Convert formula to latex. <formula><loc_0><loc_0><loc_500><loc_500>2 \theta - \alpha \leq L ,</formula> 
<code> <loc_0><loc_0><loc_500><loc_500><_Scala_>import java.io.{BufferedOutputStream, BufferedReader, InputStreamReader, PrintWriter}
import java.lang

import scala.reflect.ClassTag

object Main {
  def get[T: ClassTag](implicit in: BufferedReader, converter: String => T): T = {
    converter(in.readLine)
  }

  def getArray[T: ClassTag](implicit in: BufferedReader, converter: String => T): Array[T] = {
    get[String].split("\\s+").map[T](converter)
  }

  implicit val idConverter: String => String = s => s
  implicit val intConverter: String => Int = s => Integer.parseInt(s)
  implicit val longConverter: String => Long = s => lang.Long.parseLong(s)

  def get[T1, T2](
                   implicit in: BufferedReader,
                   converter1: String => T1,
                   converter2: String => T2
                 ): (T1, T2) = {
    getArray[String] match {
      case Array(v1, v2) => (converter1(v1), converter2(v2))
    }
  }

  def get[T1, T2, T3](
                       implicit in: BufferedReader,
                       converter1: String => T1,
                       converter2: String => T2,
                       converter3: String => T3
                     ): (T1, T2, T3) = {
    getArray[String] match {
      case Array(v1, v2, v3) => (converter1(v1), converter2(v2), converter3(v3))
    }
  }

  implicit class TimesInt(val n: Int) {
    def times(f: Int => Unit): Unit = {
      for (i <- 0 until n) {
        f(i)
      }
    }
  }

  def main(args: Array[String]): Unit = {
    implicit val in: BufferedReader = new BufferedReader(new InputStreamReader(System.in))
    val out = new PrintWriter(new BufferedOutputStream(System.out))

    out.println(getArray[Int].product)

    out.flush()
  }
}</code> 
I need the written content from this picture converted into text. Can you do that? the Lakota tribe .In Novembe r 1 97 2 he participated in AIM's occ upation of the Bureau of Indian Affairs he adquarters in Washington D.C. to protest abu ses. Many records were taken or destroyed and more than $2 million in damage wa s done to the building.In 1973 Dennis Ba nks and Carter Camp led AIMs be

--------

§ **Instructions to follow**: Would you restate all of the material, word for word?

§ **Exercise output**:
Convert formula to latex. <formula><loc_0><loc_0><loc_500><loc_500>2 \theta - \alpha \leq L ,</formula> 
<code> <loc_0><loc_0><loc_500><loc_500><_Scala_>import java.io.{BufferedOutputStream, BufferedReader, InputStreamReader, PrintWriter}
import java.lang

import scala.reflect.ClassTag

object Main {
  def get[T: ClassTag](implicit in: BufferedReader, converter: String => T): T = {
    converter(in.readLine)
  }

  def getArray[T: ClassTag](implicit in: BufferedReader, converter: String => T): Array[T] = {
    get[String].split("\\s+").map[T](converter)
  }

  implicit val idConverter: String => String = s => s
  implicit val intConverter: String => Int = s => Integer.parseInt(s)
  implicit val longConverter: String => Long = s => lang.Long.parseLong(s)

  def get[T1, T2](
                   implicit in: BufferedReader,
                   converter1: String => T1,
                   converter2: String => T2
                 ): (T1, T2) = {
    getArray[String] match {
      case Array(v1, v2) => (converter1(v1), converter2(v2))
    }
  }

  def get[T1, T2, T3](
                       implicit in: BufferedReader,
                       converter1: String => T1,
                       converter2: String => T2,
                       converter3: String => T3
                     ): (T1, T2, T3) = {
    getArray[String] match {
      case Array(v1, v2, v3) => (converter1(v1), converter2(v2), converter3(v3))
    }
  }

  implicit class TimesInt(val n: Int) {
    def times(f: Int => Unit): Unit = {
      for (i <- 0 until n) {
        f(i)
      }
    }
  }

  def main(args: Array[String]): Unit = {
    implicit val in: BufferedReader = new BufferedReader(new InputStreamReader(System.in))
    val out = new PrintWriter(new BufferedOutputStream(System.out))

    out.println(getArray[Int].product)

    out.flush()
  }
}</code> 
I need the written content from this picture converted into text. Can you do that? the Lakota tribe .In Novembe r 1 97 2 he participated in AIM's occ upation of the Bureau of Indian Affairs he adquarters in Washington D.C. to protest abu ses. Many records were taken or destroyed and more than $2 million in damage wa s done to the building.In 1973 Dennis Ba nks and Carter Camp led AIMs be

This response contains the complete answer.